文摘The occurrence of debris flow events in small-scale watersheds with dense vegetation in mountainous areas that result in significant loss of life and missing individuals challenges our understanding and expertise in investigating and preventing these disasters. This has raised concerns about the occurrence of large debris flow disasters from small watersheds. This study focused on a catastrophic debris flow that took place in Longtou Gully(0.45 km^(2)) in Tianquan County, Ya'an City on 25 September 2021, which resulted in 14 deaths and missing individuals.
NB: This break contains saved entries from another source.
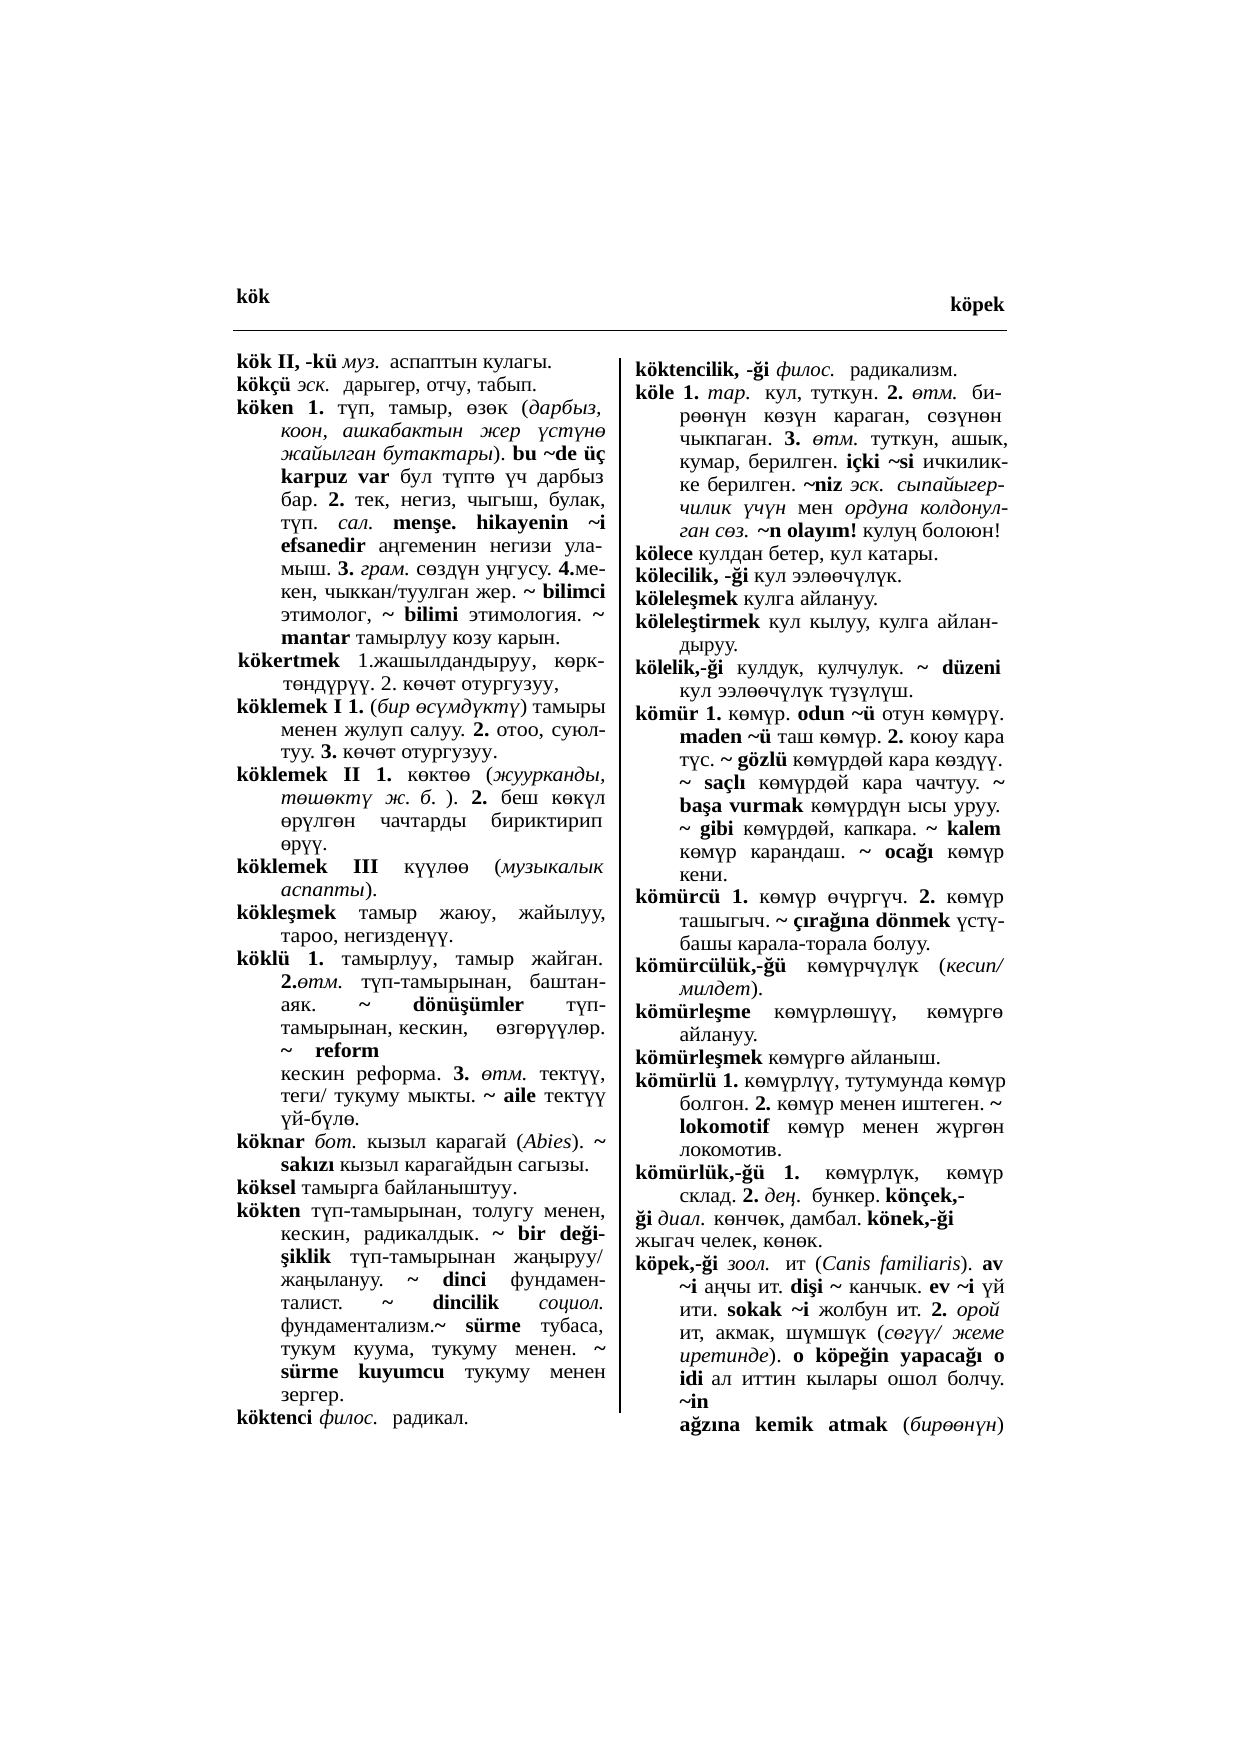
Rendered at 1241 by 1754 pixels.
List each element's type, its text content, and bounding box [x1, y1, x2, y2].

text köktencilik, -ği филос. радикализм. [635, 357, 1055, 381]
text жаңылануу. ~ dinci фундамен- талист. ~ dincilik социол. фундаментализм.~ sürme тубаса, [281, 1268, 606, 1337]
text мыш. 3. грам. сөздүн уңгусу. 4.ме- кен, чыккан/туулган жер. ~ bilimci этимолог, ~ bilimi этимология. ~ [281, 557, 606, 626]
text lokomotif көмүр менен жүргөн локомотив. [679, 1115, 1004, 1161]
text kömürleşmek көмүргө айланыш. [635, 1046, 1004, 1069]
text ~i аңчы ит. dişi ~ канчык. ev ~i үй ити. sokak ~i жолбун ит. 2. орой [679, 1275, 1004, 1321]
text kölece кулдан бетер, кул катары. [635, 542, 1065, 564]
text ağzına kemik atmak (бирөөнүн) [679, 1413, 1005, 1436]
text кул ээлөөчүлүк түзүлүш. [679, 679, 916, 702]
text köktenci филос. радикал. [236, 1406, 606, 1429]
text kömürleşme көмүрлөшүү, көмүргө айлануу. [635, 1000, 1004, 1046]
text köklemek I 1. (бир өсүмдүктү) тамыры менен жулуп салуу. 2. отоо, суюл- туу. 3. көчөт отургузуу. [236, 695, 606, 763]
text ~ saçlı көмүрдөй кара чачтуу. ~ başa vurmak көмүрдүн ысы уруу. [679, 771, 1005, 817]
text kökçü эск. дарыгер, отчу, табып. [236, 373, 606, 396]
text köknar бот. кызыл карагай (Abies). ~ sakızı кызыл карагайдын сагызы. [236, 1131, 606, 1176]
text köpek,-ği зоол. ит (Canis familiaris). av [635, 1252, 1046, 1275]
text бар. 2. тек, негиз, чыгыш, булак, түп. сал. menşe. hikayenin ~i efsanedir аңгеменин негизи ула- [281, 488, 606, 557]
text köklemek III күүлөө (музыкалык аспапты). [236, 855, 605, 901]
text mantar тамырлуу козу карын. kökertmek 1.жашылдандыруу, көрк- төндүрүү. 2. көчөт отургузуу, [235, 626, 606, 694]
text köpek [889, 292, 1065, 316]
text дыруу. [679, 633, 744, 656]
text köleleştirmek кул кылуу, кулга айлан- [635, 610, 1005, 633]
text köken 1. түп, тамыр, өзөк (дарбыз, [236, 396, 606, 419]
text коон, ашкабактын жер үстүнө жайылган бутактары). bu ~de üç karpuz var бул түптө үч дарбыз [281, 419, 606, 488]
text kölecilik, -ği кул ээлөөчүлүк. [635, 564, 1065, 587]
text ташыгыч. ~ çırağına dönmek үстү- башы карала-торала болуу. [679, 909, 1005, 954]
text kökleşmek тамыр жаюу, жайылуу, тароо, негизденүү. [236, 901, 606, 947]
text kömürlü 1. көмүрлүү, тутумунда көмүр болгон. 2. көмүр менен иштеген. ~ [635, 1069, 1065, 1115]
text көмүр карандаш. ~ ocağı көмүр кени. [679, 840, 1004, 886]
text kökten түп-тамырынан, толугу менен, кескин, радикалдык. ~ bir deği- şiklik түп-тамырынан жаңыруу/ [236, 1199, 606, 1268]
text кескин реформа. 3. өтм. тектүү, теги/ тукуму мыкты. ~ aile тектүү үй-бүлө. [281, 1062, 606, 1130]
text склад. 2. дең. бункер. könçek,-ği диал. көнчөк, дамбал. könek,-ği жыгач челек, көнөк. [635, 1184, 974, 1252]
text 2.өтм. түп-тамырынан, баштан- аяк. ~ dönüşümler түп-тамырынан, кескин, өзгөрүүлөр. ~ reform [281, 970, 606, 1062]
text kök [236, 284, 270, 308]
text kömürcü 1. көмүр өчүргүч. 2. көмүр [635, 886, 1053, 908]
text ит, акмак, шүмшүк (сөгүү/ жеме иретинде). o köpeğin yapacağı o idi ал иттин кылары ошол болчу. ~in [679, 1321, 1004, 1413]
text тукум куума, тукуму менен. ~ sürme kuyumcu тукуму менен зергер. [281, 1337, 606, 1406]
text ~ gibi көмүрдөй, капкара. ~ kalem [679, 817, 1004, 840]
text чилик үчүн мен ордуна колдонул- ган сөз. ~n olayım! кулуң болоюн! [679, 496, 1008, 542]
text kömürlük,-ğü 1. көмүрлүк, көмүр [635, 1161, 1065, 1184]
text чыкпаган. 3. өтм. туткун, ашык, кумар, берилген. içki ~si ичкилик- ке берилген. ~niz эск. сыпайыгер- [679, 427, 1008, 496]
text kömürcülük,-ğü көмүрчүлүк (кесип/ [635, 954, 1053, 977]
text милдет). [679, 977, 763, 1000]
text өрүү. [281, 832, 330, 855]
text kömür 1. көмүр. odun ~ü отун көмүрү. maden ~ü таш көмүр. 2. коюу кара түс. ~ gözlü көмүрдөй кара көздүү. [635, 702, 1005, 771]
text köle 1. тар. кул, туткун. 2. өтм. би- рөөнүн көзүн караган, сөзүнөн [635, 381, 1065, 427]
text köksel тамырга байланыштуу. [236, 1176, 606, 1199]
text köklemek II 1. көктөө (жуурканды, төшөктү ж. б. ). 2. беш көкүл өрүлгөн чачтарды бириктирип [236, 763, 606, 832]
text kölelik,-ği кулдук, кулчулук. ~ düzeni [635, 656, 1065, 679]
text kök II, -kü муз. аспаптын кулагы. [236, 349, 606, 373]
text köleleşmek кулга айлануу. [635, 587, 1046, 610]
text köklü 1. тамырлуу, тамыр жайган. [236, 947, 606, 970]

Through comprehensive field investigations, highprecision remote sensing data analyses, and numerical simulations, we analyzed the triggering mechanisms and dynamic processes of this event. Our results indicate that the convergence hollow at the channel head exhibited higher hydraulic conditions during rainfall compared to gentle slopes and convex terrains, leading to the instability of colluvial soil due to the expansion of the saturated zone near the soil–bedrock interface. The entrainment of material eroded from the channel resulted in an approximately 4.7 times increase in volume, and the channel scarp with a height of about 200 m amplified the destructive power of the debris flow. We emphasize the need to take seriously the possibility of catastrophic debris flows in small-scale watersheds, with colluvial deposits in hollows at the channel head under vegetation cover that serve as precursor material sources, and the presence of channel scarps formed by changes in the incision rate of the main river, which is common in the small watershed on both sides. This study provides insights for risk assessment of debris flows in small-scale catchments with dense vegetation cover in mountainous areas, highlighting the importance of vigilance in addressing disasters in small-scale catchments, particularly in regions with increasing human–environment conflicts.